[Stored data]
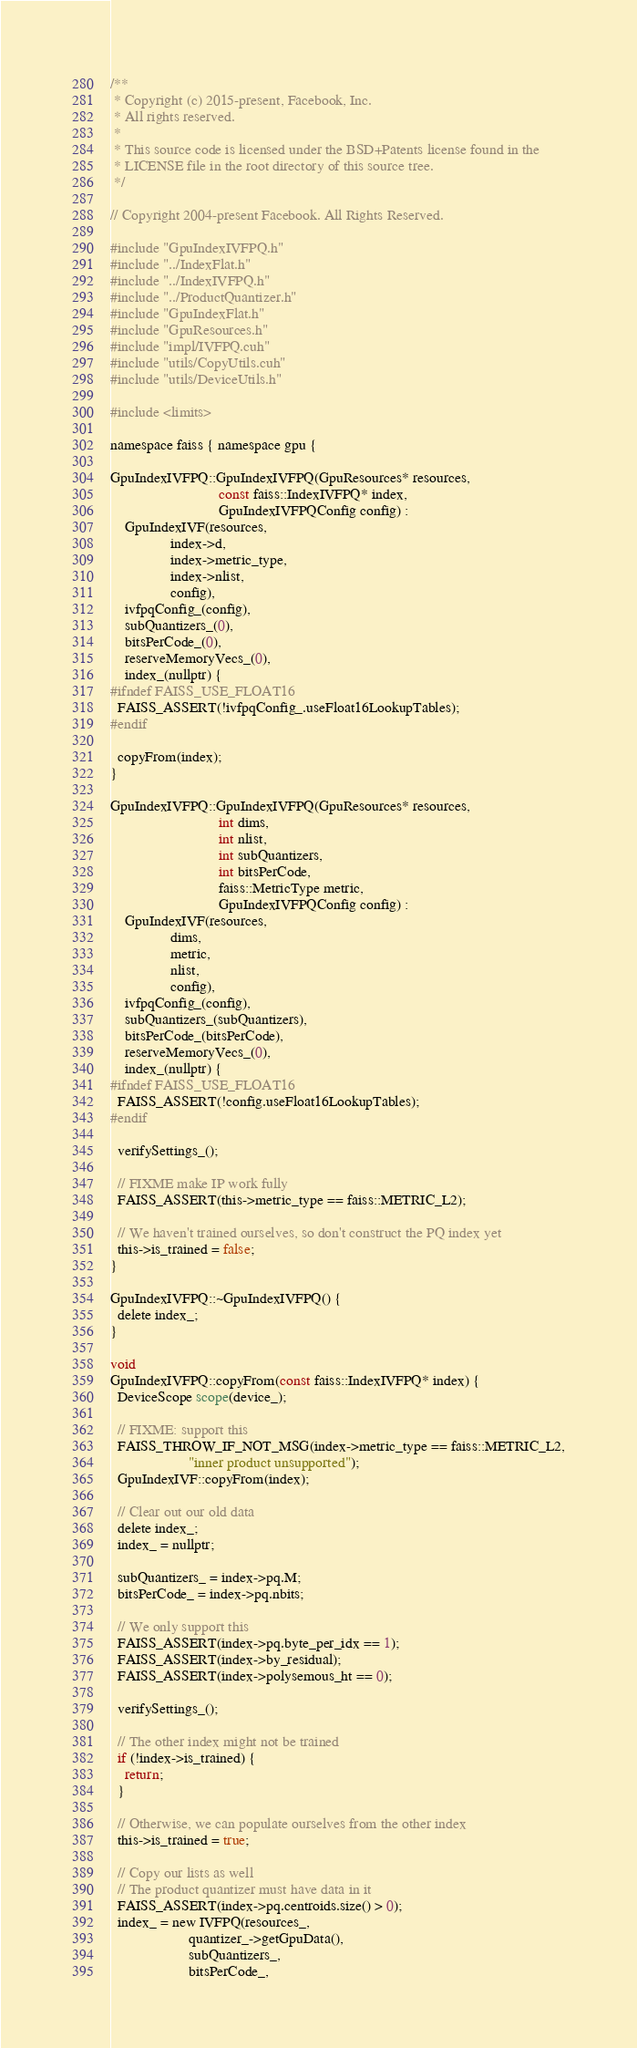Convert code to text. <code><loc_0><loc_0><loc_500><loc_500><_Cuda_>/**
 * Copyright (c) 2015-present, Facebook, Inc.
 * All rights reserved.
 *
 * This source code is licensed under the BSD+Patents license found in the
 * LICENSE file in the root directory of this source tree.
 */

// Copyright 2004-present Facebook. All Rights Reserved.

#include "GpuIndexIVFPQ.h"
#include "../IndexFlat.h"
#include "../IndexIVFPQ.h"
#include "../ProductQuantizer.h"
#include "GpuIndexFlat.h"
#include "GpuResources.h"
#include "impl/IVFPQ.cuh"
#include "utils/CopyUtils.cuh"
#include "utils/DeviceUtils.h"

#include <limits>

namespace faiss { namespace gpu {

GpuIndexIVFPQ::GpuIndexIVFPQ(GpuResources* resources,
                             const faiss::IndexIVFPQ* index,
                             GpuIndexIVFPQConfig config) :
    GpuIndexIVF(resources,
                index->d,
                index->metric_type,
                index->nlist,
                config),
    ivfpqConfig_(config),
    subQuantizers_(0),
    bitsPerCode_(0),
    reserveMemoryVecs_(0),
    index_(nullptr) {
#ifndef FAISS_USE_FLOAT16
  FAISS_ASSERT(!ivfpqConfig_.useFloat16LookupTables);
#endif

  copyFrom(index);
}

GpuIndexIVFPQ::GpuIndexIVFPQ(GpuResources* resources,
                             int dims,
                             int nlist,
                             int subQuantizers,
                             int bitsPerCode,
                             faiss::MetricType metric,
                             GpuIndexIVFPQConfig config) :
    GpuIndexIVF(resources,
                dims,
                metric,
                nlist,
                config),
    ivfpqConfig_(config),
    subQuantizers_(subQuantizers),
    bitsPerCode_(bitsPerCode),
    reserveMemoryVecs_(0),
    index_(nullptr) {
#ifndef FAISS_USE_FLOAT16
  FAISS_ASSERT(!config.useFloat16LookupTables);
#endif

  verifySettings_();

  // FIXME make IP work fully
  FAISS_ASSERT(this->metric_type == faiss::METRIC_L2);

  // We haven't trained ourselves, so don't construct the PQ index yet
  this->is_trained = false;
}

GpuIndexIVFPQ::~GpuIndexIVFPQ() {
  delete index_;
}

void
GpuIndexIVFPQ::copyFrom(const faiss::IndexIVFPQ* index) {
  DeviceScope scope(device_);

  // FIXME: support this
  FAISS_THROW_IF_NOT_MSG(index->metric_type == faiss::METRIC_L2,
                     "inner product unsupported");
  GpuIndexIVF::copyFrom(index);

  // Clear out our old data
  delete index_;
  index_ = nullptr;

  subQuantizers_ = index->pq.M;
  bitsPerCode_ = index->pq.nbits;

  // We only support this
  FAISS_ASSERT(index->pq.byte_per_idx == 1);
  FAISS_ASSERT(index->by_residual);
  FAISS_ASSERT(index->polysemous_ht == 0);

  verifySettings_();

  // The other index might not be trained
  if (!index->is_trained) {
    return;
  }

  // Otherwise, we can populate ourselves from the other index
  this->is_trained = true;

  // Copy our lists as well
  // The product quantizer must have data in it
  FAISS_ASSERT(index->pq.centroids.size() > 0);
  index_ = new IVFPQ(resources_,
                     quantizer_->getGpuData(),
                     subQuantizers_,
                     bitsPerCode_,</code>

- **Assignment**: Once the pictures are set aside, repeat the data above exactly as written.

- **Solution for this exercise**:
Convert code to text. <code><loc_0><loc_0><loc_500><loc_500><_Cuda_>/**
 * Copyright (c) 2015-present, Facebook, Inc.
 * All rights reserved.
 *
 * This source code is licensed under the BSD+Patents license found in the
 * LICENSE file in the root directory of this source tree.
 */

// Copyright 2004-present Facebook. All Rights Reserved.

#include "GpuIndexIVFPQ.h"
#include "../IndexFlat.h"
#include "../IndexIVFPQ.h"
#include "../ProductQuantizer.h"
#include "GpuIndexFlat.h"
#include "GpuResources.h"
#include "impl/IVFPQ.cuh"
#include "utils/CopyUtils.cuh"
#include "utils/DeviceUtils.h"

#include <limits>

namespace faiss { namespace gpu {

GpuIndexIVFPQ::GpuIndexIVFPQ(GpuResources* resources,
                             const faiss::IndexIVFPQ* index,
                             GpuIndexIVFPQConfig config) :
    GpuIndexIVF(resources,
                index->d,
                index->metric_type,
                index->nlist,
                config),
    ivfpqConfig_(config),
    subQuantizers_(0),
    bitsPerCode_(0),
    reserveMemoryVecs_(0),
    index_(nullptr) {
#ifndef FAISS_USE_FLOAT16
  FAISS_ASSERT(!ivfpqConfig_.useFloat16LookupTables);
#endif

  copyFrom(index);
}

GpuIndexIVFPQ::GpuIndexIVFPQ(GpuResources* resources,
                             int dims,
                             int nlist,
                             int subQuantizers,
                             int bitsPerCode,
                             faiss::MetricType metric,
                             GpuIndexIVFPQConfig config) :
    GpuIndexIVF(resources,
                dims,
                metric,
                nlist,
                config),
    ivfpqConfig_(config),
    subQuantizers_(subQuantizers),
    bitsPerCode_(bitsPerCode),
    reserveMemoryVecs_(0),
    index_(nullptr) {
#ifndef FAISS_USE_FLOAT16
  FAISS_ASSERT(!config.useFloat16LookupTables);
#endif

  verifySettings_();

  // FIXME make IP work fully
  FAISS_ASSERT(this->metric_type == faiss::METRIC_L2);

  // We haven't trained ourselves, so don't construct the PQ index yet
  this->is_trained = false;
}

GpuIndexIVFPQ::~GpuIndexIVFPQ() {
  delete index_;
}

void
GpuIndexIVFPQ::copyFrom(const faiss::IndexIVFPQ* index) {
  DeviceScope scope(device_);

  // FIXME: support this
  FAISS_THROW_IF_NOT_MSG(index->metric_type == faiss::METRIC_L2,
                     "inner product unsupported");
  GpuIndexIVF::copyFrom(index);

  // Clear out our old data
  delete index_;
  index_ = nullptr;

  subQuantizers_ = index->pq.M;
  bitsPerCode_ = index->pq.nbits;

  // We only support this
  FAISS_ASSERT(index->pq.byte_per_idx == 1);
  FAISS_ASSERT(index->by_residual);
  FAISS_ASSERT(index->polysemous_ht == 0);

  verifySettings_();

  // The other index might not be trained
  if (!index->is_trained) {
    return;
  }

  // Otherwise, we can populate ourselves from the other index
  this->is_trained = true;

  // Copy our lists as well
  // The product quantizer must have data in it
  FAISS_ASSERT(index->pq.centroids.size() > 0);
  index_ = new IVFPQ(resources_,
                     quantizer_->getGpuData(),
                     subQuantizers_,
                     bitsPerCode_,</code>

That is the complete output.